Gradually, increased muscle tone develops in paralyzed limbs. To prevent future contractures, paralyzed limbs should be positioned in a specific way for 1–2 hours: the arm abducted at a 90° angle, extended at the elbow, with a roll placed in the axilla; the hand opened with fingers spread. The leg should be slightly bent at a 10° angle at the knee, with a roll under the knee, and the foot supported against the bed frame at an 80° angle.

Regular breathing exercises help prevent pneumonia, as hypokinesia and metabolic disturbances easily lead to pulmonary congestion. Exercises may include inflating a rubber balloon or blowing air through water.
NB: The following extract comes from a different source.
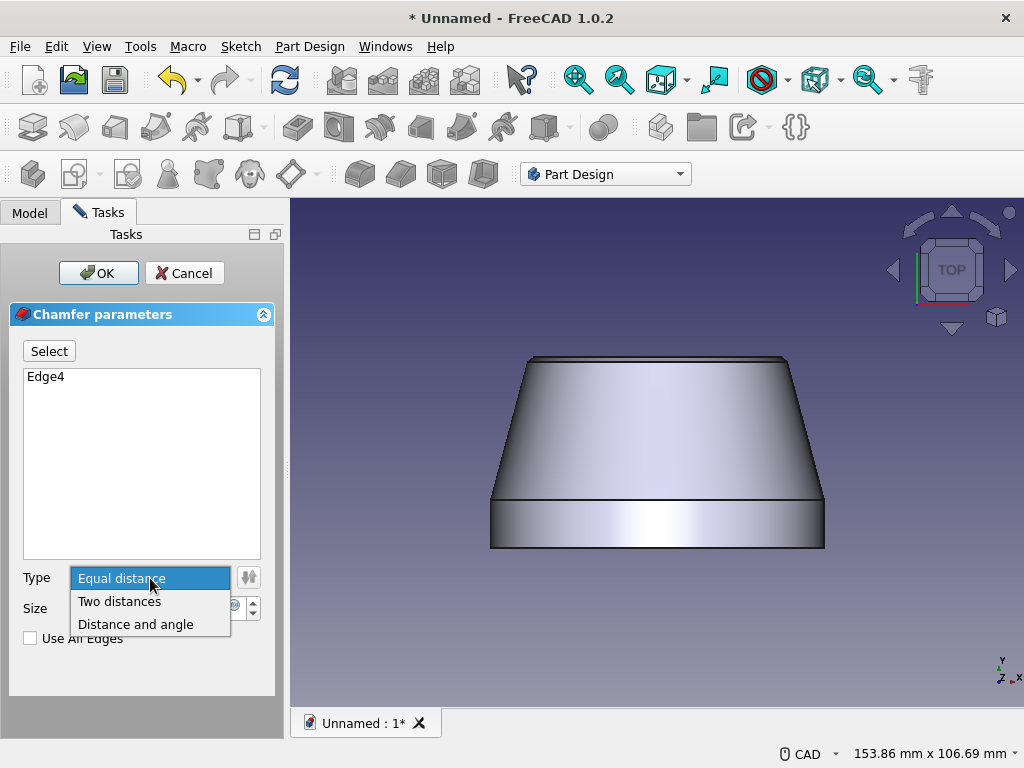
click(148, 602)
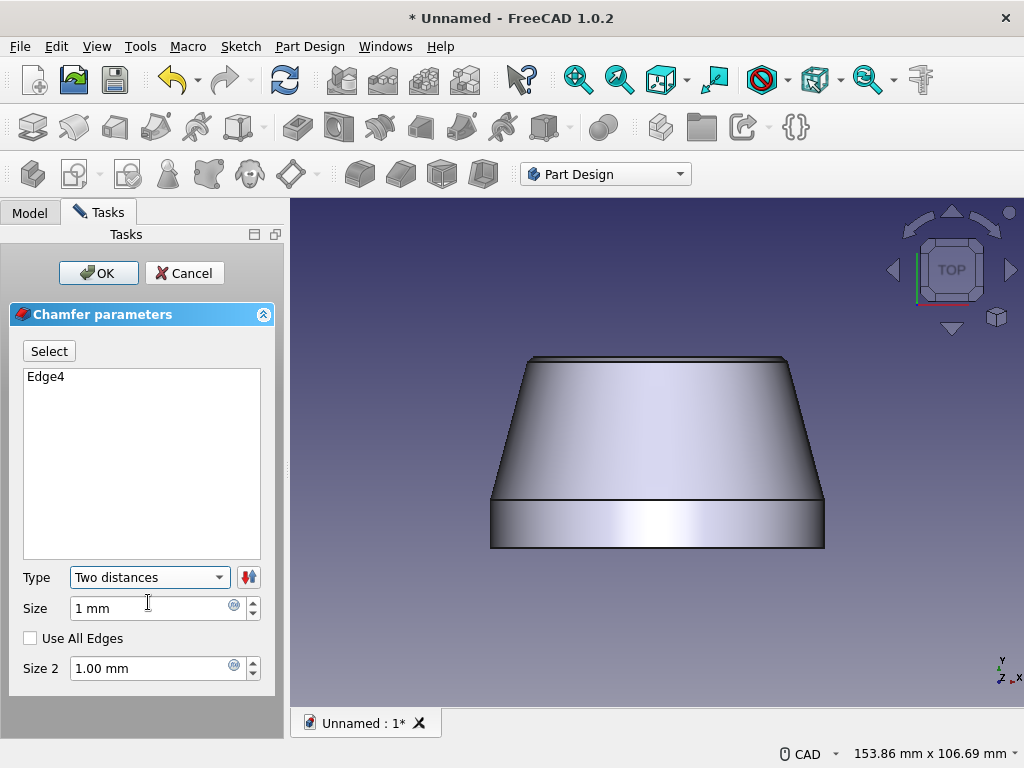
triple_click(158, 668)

Passive joint movements of the paralyzed limb: hold the limb with one hand above the joint being mobilized and the other below it. Perform movements smoothly and rhythmically at a slow pace, without causing pain, 2–4 movements per joint every hour.

Remember: inactivity weakens the patient, while early mobilization is the path to faster recovery.

Early sitting and verticalization (bringing the patient to an upright position). The timing of sitting the patient up after a stroke should be clarified with the physician, as it depends on many clinical factors. On average, for small strokes, sitting may begin from day 2, and verticalization from days 5–7.

Do not assume that prolonged bed rest after a stroke is safer for the patient. This is not the case. Prolonged immobilization leads to venous thrombosis in the legs, pulmonary embolism, congestive pneumonia, spastic contractures, and intestinal atony.

Helping the patient get out of bed is best done in two stages: first assist them to sit on the edge of the bed (supporting with the unaffected arm), and only then help them stand.

As the patient’s condition improves, encourage gradual independent performance of self-care skills and explain the necessary steps.

Remember: your task is to help the patient become independent from outside assistance and relearn lost daily living skills.

When the patient begins to stand and walk, the affected arm should be supported with a special sling or orthosis. Otherwise, downward dislocation of the humeral head may occur due to the weight of the paretic limb, which can later lead to pain and incomplete recovery of arm function. Footwear should be comfortable and stable for walking (not slippers; athletic shoes are preferable).

Protect the patient’s sense of dignity, remain calm, instill confidence and hope for recovery—this is the most important thing you can do for your loved one.

Work together with the patient to expand their mobility and activity levels.